Under current reporting requirements, LLCs need only supply a company name, county of operation and a basic address where legal documents should be sent. Sometimes, the address is a P.O. Box, sometimes it’s an attorney’s office, sometimes it’s a registered agent.

For anyone interested in knowing more, the information provided is often frustratingly nondescript and consequently useless. We all have a well-established interest in this information, and the state Legislature should be commended for recognizing this by including solid public disclosure requirements.

The lack of transparency with campaign donations is just one of the reasons the LLC Transparency Act has the support of good government groups, such as Common Cause and the League of Women Voters. While a 2019 law change required LLCs making political donations to disclose their owners, many are ignoring the requirement, the groups say.

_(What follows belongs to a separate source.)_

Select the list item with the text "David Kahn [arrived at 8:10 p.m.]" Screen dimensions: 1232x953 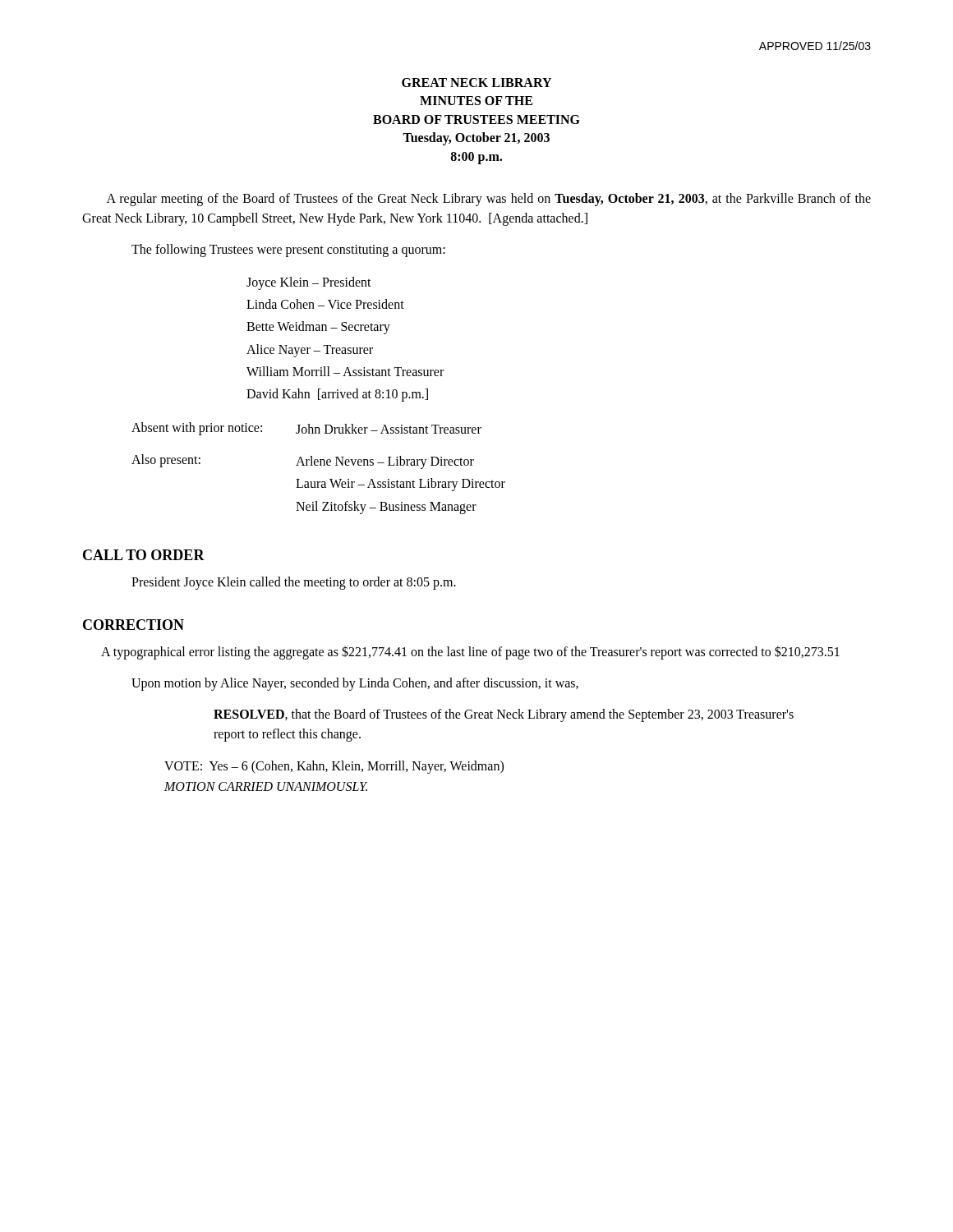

The Business Council of New York State opposes the law, saying it would violate the privacy of law-abiding businesses — including thousands of small businesses organized as LLCs — and put their security at risk. There are some provisions in the legislation for public disclosure to be waived when “a significant privacy interest exists.” The law’s efficacy will be determined in part in how waiver requests are handled.

Given the benefits state law confers upon LLCs, it’s not too much to ask that they at least let us know who they are. This is a good step toward much-needed transparency

Judy Patrick is vice president for editorial development of the New York Press Association, of which TBR News Media is a member.